If a son tells his father he's been playing too fast and loose with the family finances, does that mean the son doesn't support the father?

If Dad tells Junior that this struggling family needs to change its ways - meaning that everyone in the family should start buying Quick Pick lottery tickets on a daily basis - do we conclude that because it's change, it must be change for the good?

The significance of Ross Newhan's article in this morning's editions of the Times is not the individual departures of Dodger executives Bob Graziano and Kris Rone. Rather, it's the added spotlight shed on the possibility that Frank McCourt's finances are a house of cards - and not a full deck at that.

Let me narrow down the key part even further:

... a business plan based on a best-case scenario. If that best case doesn’t totally evolve — and seldom do all of the pieces fall in place in baseball — [there is concern] about McCourt’s long-term operating potential given the level of the debt servicing in his highly leveraged purchase of the club.

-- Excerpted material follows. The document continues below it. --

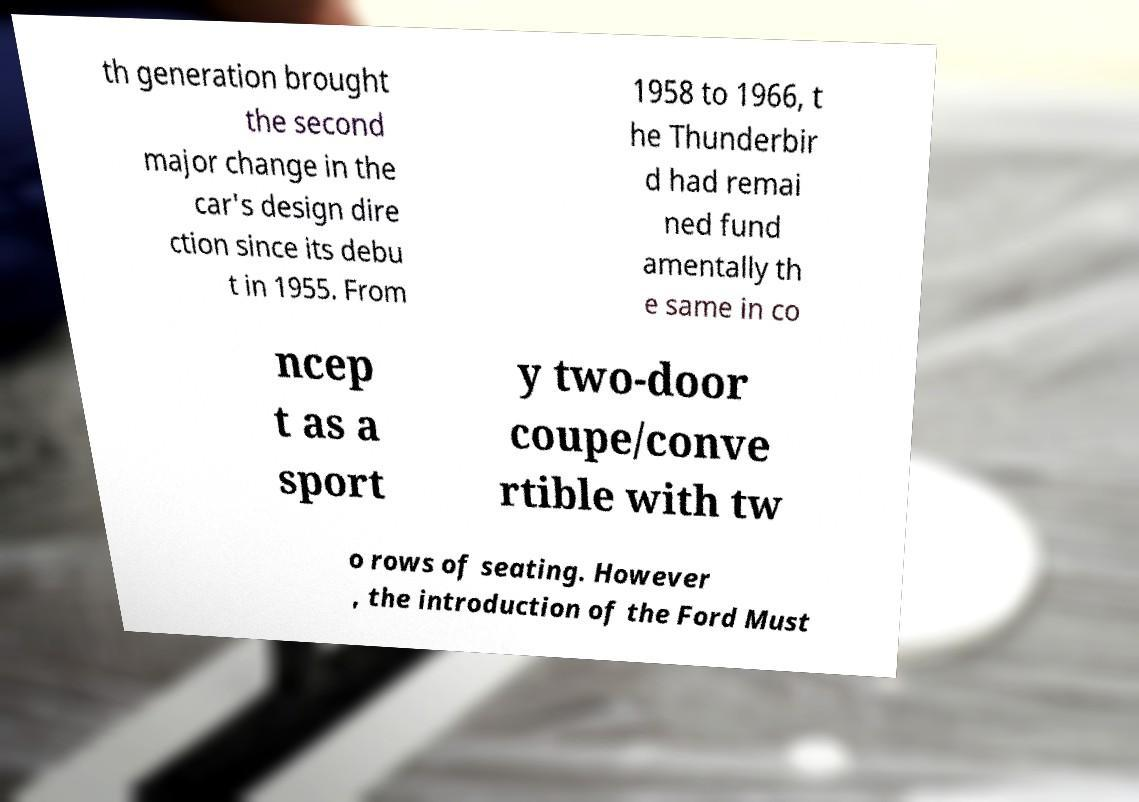What messages or text are displayed in this image? I need them in a readable, typed format. th generation brought the second major change in the car's design dire ction since its debu t in 1955. From 1958 to 1966, t he Thunderbir d had remai ned fund amentally th e same in co ncep t as a sport y two-door coupe/conve rtible with tw o rows of seating. However , the introduction of the Ford Must 
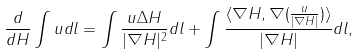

If there is anything to critique about this article, it is its credibility. Nothing against Newhan, or his unnamed source, but until a source goes on the record, there is always going to be doubt about its veracity. Not because the source wishes to spread misinformation, but because the information might not be proven to begin with.

But the concern the article raises is serious, unnamed source or not. What happens to the Dodgers if McCourt's plans go awry - hardly an idle concern in Dodgerland?

The Dodgers can do better as a franchise, no doubt about it. I am not rooting against Frank McCourt to make that happen. I have said repeatedly that for the sake of the Dodgers, I hope my worries about him are unjustified. And the trial is ongoing - the verdict does not come today or Wednesday or next week.

But does that eliminate the right to monitor the operations of the team in the interim? McCourt has near-unfettered control over the team at this point; he is hardly being prevented from having his chance. Does one's faith in McCourt have to be completely blind?

If you have any doubt, consider this: when he came to the team, Kevin Malone deserved support and a chance as well. Kevin Malone was encouraged to make changes.

The Dodgers can do better as a franchise, no doubt about it. They can also do worse.

Update: Bob Bryant from Birds in the Belfry published a recollection of his personal/professional dealings with McCourt. An excerpt:

As the Director of Operations for the facility, I attended a number of meetings with Frank, and his lovely wife Jamie, and found them to be earnest, but totally incompetent people.